→ **Material to process**:
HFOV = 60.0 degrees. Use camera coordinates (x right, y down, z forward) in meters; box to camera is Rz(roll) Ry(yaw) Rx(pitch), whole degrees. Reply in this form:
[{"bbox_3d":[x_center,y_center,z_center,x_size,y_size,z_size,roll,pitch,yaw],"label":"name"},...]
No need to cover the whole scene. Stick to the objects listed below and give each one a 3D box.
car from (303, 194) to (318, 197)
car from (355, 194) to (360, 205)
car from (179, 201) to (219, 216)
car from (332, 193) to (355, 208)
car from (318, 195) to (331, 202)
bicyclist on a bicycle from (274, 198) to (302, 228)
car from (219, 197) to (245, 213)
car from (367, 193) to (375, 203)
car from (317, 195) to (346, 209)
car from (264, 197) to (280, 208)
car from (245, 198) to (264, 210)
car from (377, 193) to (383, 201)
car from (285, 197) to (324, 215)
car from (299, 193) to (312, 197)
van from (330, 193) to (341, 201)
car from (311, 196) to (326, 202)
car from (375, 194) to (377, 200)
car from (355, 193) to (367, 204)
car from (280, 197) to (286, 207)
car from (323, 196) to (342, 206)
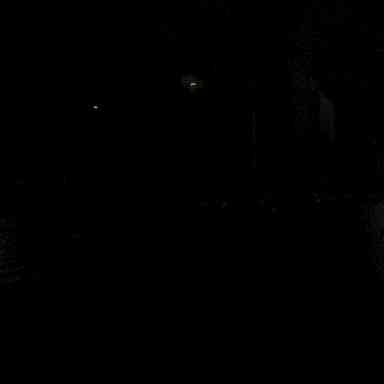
[{"bbox_3d":[16.826,1.373,44.858,1.812,1.442,4.674,-1,0,35],"label":"car"},{"bbox_3d":[23.557,1.379,50.069,1.947,1.339,4.313,0,0,35],"label":"car"},{"bbox_3d":[0.510,1.525,31.736,1.802,1.307,4.206,0,0,35],"label":"car"},{"bbox_3d":[20.348,1.137,45.433,2.192,1.841,5.009,0,0,35],"label":"car"},{"bbox_3d":[29.384,1.428,73.477,1.802,1.307,4.206,0,0,35],"label":"car"},{"bbox_3d":[5.263,1.177,18.418,1.656,1.620,0.582,-1,0,35],"label":"bicyclist on a bicycle"},{"bbox_3d":[3.716,1.367,36.374,1.967,1.590,4.097,0,0,35],"label":"car"},{"bbox_3d":[33.180,1.100,63.983,2.192,1.841,5.009,0,0,35],"label":"car"},{"bbox_3d":[17.141,1.378,40.795,1.887,1.381,4.507,0,0,35],"label":"car"},{"bbox_3d":[10.037,1.427,45.509,1.752,1.417,4.829,0,0,35],"label":"car"},{"bbox_3d":[6.926,1.495,41.012,1.802,1.307,4.206,0,0,35],"label":"car"},{"bbox_3d":[42.804,1.360,77.893,1.802,1.307,4.206,-1,0,35],"label":"car"},{"bbox_3d":[10.726,1.425,31.520,1.947,1.339,4.313,0,0,35],"label":"car"},{"bbox_3d":[19.759,1.416,59.564,1.887,1.381,4.507,0,0,35],"label":"car"},{"bbox_3d":[35.799,1.187,82.755,1.690,1.788,3.998,-1,0,35],"label":"van"},{"bbox_3d":[26.177,1.419,68.840,1.947,1.339,4.313,0,0,35],"label":"car"},{"bbox_3d":[36.485,1.303,68.759,1.752,1.417,4.829,-1,0,35],"label":"car"},{"bbox_3d":[26.764,1.119,54.707,2.192,1.841,5.009,0,0,35],"label":"car"},{"bbox_3d":[13.342,1.456,50.288,1.947,1.339,4.313,0,0,35],"label":"car"},{"bbox_3d":[22.549,1.335,53.135,1.837,1.490,4.892,-1,0,35],"label":"car"}]
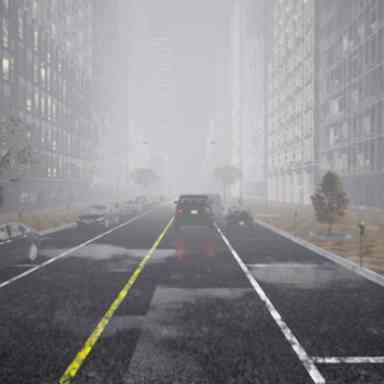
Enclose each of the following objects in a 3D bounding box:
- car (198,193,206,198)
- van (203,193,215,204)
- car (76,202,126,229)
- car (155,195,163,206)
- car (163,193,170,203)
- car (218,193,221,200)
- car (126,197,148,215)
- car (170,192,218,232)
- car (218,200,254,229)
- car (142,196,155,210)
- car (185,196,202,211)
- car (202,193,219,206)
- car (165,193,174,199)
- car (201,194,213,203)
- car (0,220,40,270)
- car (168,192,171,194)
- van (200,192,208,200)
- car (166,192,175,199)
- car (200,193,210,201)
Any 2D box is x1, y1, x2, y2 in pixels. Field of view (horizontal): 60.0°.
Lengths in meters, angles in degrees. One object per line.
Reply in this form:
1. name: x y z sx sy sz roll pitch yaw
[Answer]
1. car: 2.748 1.011 94.232 2.008 1.369 4.403 -1 0 0
2. van: 2.719 1.033 54.446 1.690 1.788 3.998 -1 0 0
3. car: -5.683 1.436 20.351 2.008 1.369 4.403 -1 0 0
4. car: -5.664 1.251 48.599 1.752 1.417 4.829 -1 0 0
5. car: -5.656 1.225 60.136 1.947 1.339 4.313 -1 0 0
6. car: 2.710 1.072 43.079 2.192 1.841 5.009 -1 0 0
7. car: -5.675 1.403 31.718 1.802 1.307 4.206 -1 0 0
8. car: 0.116 1.111 19.561 2.150 2.045 5.566 0 0 0
9. car: 2.697 1.436 20.345 2.008 1.369 4.403 -1 0 0
10. car: -5.673 1.229 37.401 1.967 1.590 4.097 -1 0 0
11. car: 0.129 1.291 37.881 1.837 1.490 4.892 0 0 0
12. car: 2.714 1.039 48.763 2.192 1.841 5.009 -1 0 0
13. car: -5.641 0.967 82.870 1.967 1.590 4.097 -1 0 0
14. car: 2.724 1.099 60.130 1.967 1.590 4.097 -1 0 0
15. car: -5.691 1.500 8.984 2.008 1.369 4.403 -1 0 0
16. car: -5.648 1.144 71.503 2.008 1.369 4.403 -1 0 0
17. van: 2.734 0.901 77.179 1.690 1.788 3.998 -1 0 0
18. car: -5.639 0.809 88.553 2.192 1.841 5.009 -1 0 0
19. car: 2.731 1.033 71.497 1.967 1.590 4.097 -1 0 0
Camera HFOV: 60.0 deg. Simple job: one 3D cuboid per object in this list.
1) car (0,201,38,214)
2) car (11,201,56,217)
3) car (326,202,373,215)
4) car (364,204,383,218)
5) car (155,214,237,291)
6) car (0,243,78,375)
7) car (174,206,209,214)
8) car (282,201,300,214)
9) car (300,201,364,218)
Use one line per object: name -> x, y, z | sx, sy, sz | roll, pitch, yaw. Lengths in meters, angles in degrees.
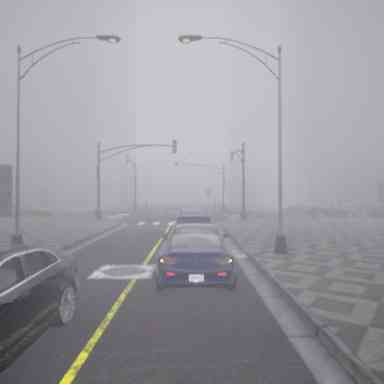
car -> -20.201, 1.747, 37.880 | 4.403, 1.369, 2.008 | 0, -1, 0
car -> -14.622, 1.567, 29.382 | 4.829, 1.417, 1.752 | 0, -1, 0
car -> 17.961, 1.861, 38.049 | 4.403, 1.369, 2.008 | 0, -1, 0
car -> 17.969, 1.709, 29.526 | 4.313, 1.339, 1.947 | 0, -1, 0
car -> 0.094, 1.568, 8.985 | 1.812, 1.442, 4.674 | 0, 0, 0
car -> -3.005, 1.512, 4.270 | 2.128, 1.511, 4.902 | 0, 0, 0
car -> 0.014, 1.568, 19.324 | 1.882, 1.535, 5.008 | 0, 0, -2
car -> 12.291, 1.730, 38.026 | 4.097, 1.590, 1.967 | 0, -1, 0
car -> 12.299, 1.673, 29.501 | 4.403, 1.369, 2.008 | 0, -1, 0

→ **Work required**: For this exercise, output exactly the lines above from the line with "6) car (0,243,78,375)" to the line with "9) car (300,201,364,218)", counting both, and leave out the rest.

→ **Expected output**:
6) car (0,243,78,375)
7) car (174,206,209,214)
8) car (282,201,300,214)
9) car (300,201,364,218)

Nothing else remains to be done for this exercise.